The more libertarian rank-and-file of the union membership refused to abide by their leadership's decision. After the leadership refused to attend popular assemblies held by rank-and-file union members, on 9 June, the workers marched on the committee's headquarters, but they found the doors locked. With the position of the government having been strengthened by the strike committee's decision, on 10 June, many of the rail industry's workers returned to work. Having claimed to have reached a settlement, the government threatened all striking public employees with dismissal and mobilised more of the military as strikebreakers. On 12 June, the rail company began firing workers who had remained on strike. Nevertheless, over 10,000 workers continued the strike, aiming to press for the complete fulfillment of the rail workers' demands. On 13 June, the FTCh declared a general strike, which brought out 15,000 more workers from various industries and encouraged other unions to press for their own demands, alongside those of the rail workers. Employers responded by dismissing entire workforces and instituting lockouts, while police arrested strike leaders and shut down union premises and publishing houses. On 15 June, the last rail workers returned to work, hoping to avoid dismissal. By 18 June, most resistance societies in Santiago had ceased strike actions, with the last holdouts ending their strikes by the end of the month.
The decentralized structure of the general strike had ultimately prevented the unions from coordinating wider actions beyond the local and industrial levels, and many of the unions' demands were not met.

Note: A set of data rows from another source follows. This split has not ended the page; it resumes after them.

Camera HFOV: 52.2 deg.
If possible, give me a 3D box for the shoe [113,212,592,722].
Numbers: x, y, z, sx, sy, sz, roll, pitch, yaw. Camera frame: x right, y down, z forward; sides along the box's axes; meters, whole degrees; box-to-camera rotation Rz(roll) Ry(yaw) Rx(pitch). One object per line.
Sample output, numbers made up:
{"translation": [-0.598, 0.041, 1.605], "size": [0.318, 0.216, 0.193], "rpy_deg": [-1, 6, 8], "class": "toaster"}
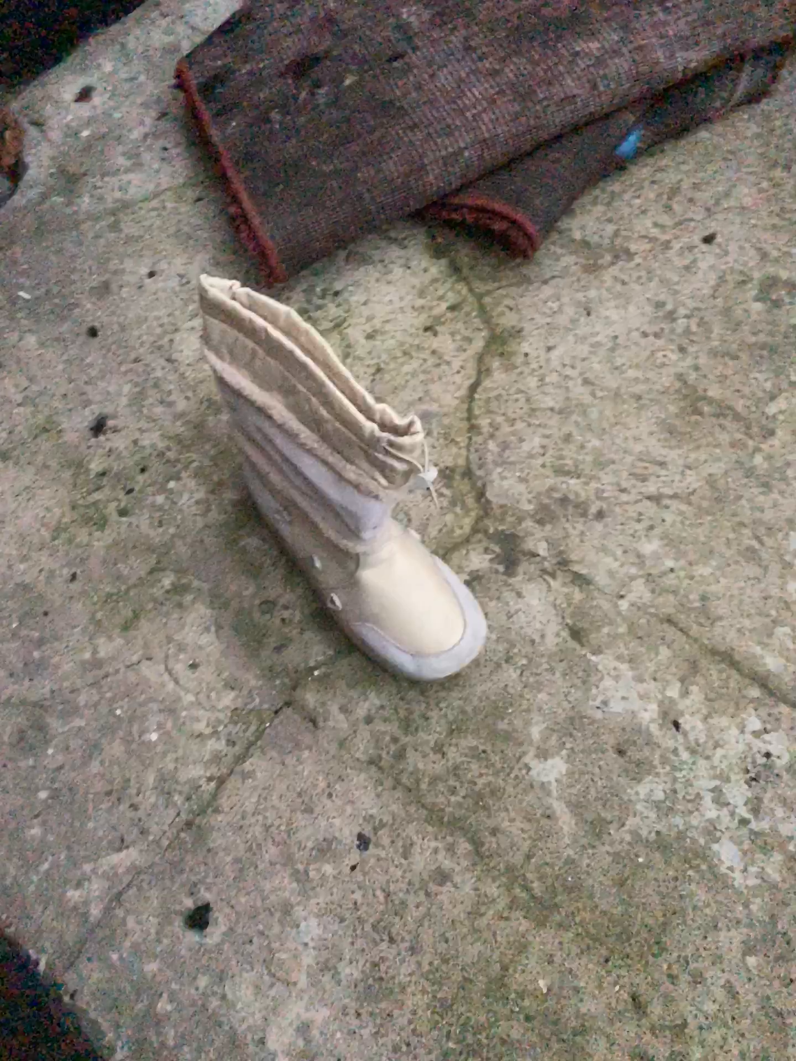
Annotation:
{"translation": [-0.029, -0.016, 0.603], "size": [0.120, 0.309, 0.271], "rpy_deg": [-42, 75, -12], "class": "shoe"}
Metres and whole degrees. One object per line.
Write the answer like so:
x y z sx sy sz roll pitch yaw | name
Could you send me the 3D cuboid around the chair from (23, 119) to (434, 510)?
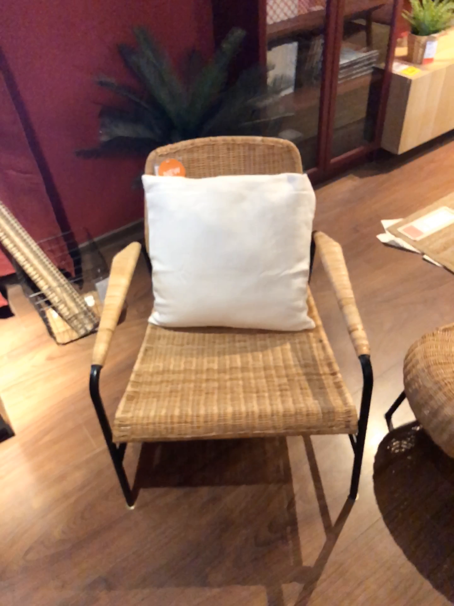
0.013 0.033 1.301 0.670 0.706 0.664 -4 43 1 | chair
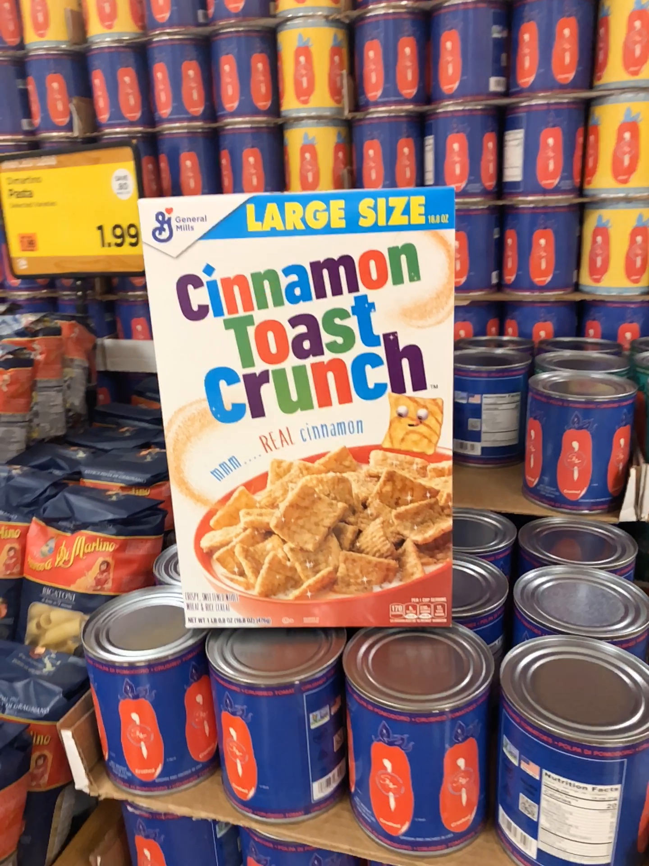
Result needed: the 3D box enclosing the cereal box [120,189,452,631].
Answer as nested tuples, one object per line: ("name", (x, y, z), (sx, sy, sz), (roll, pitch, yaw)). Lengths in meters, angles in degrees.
("cereal box", (-0.015, -0.010, 0.504), (0.200, 0.298, 0.070), (-1, 17, 5))
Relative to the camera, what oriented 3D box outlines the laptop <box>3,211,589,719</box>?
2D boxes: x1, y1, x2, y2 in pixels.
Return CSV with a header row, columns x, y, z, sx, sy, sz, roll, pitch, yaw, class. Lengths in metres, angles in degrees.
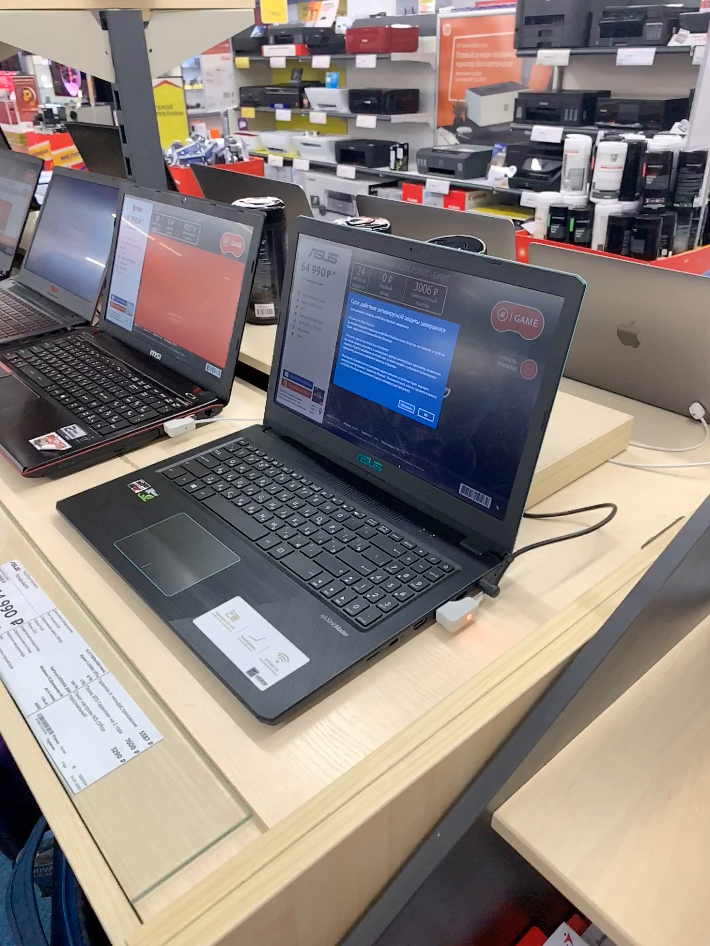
x,y,z,sx,sy,sz,roll,pitch,yaw,class
-0.057,-0.061,0.630,0.318,0.222,0.359,-26,37,-33,laptop
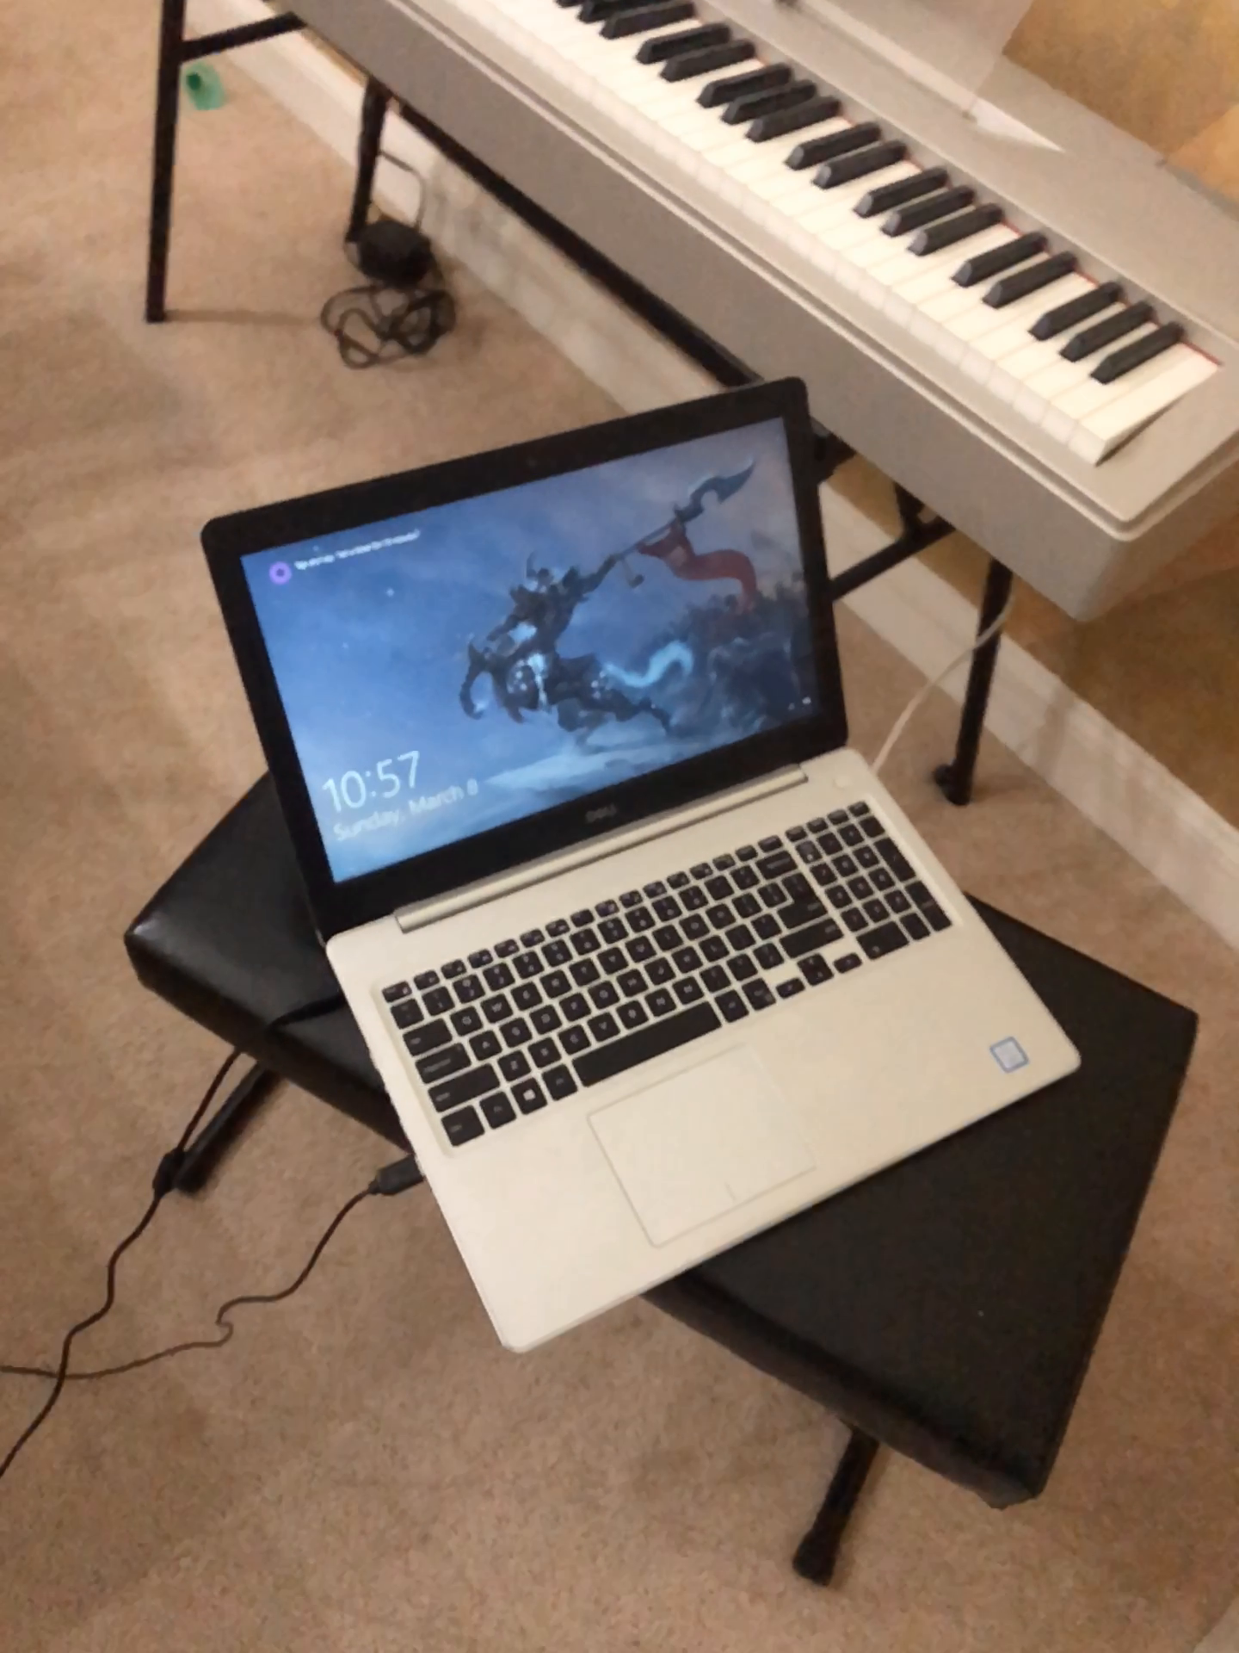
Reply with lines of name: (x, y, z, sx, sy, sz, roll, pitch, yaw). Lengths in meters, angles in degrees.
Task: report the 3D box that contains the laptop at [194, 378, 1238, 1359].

One trade union leader commented that the rail strike had caught Chilean workers unprepared, and that they consequently had gone into the general strike "without any preparation, idea of what they were doing, organization, strike funds, or unity of purpose". This disorganization meant that, when the railworkers' strike ended, the other unions had been unable to coordinate their continued strike actions. As workers returned to work, strike leaders were blacklisted or dismissed and unions were broken up.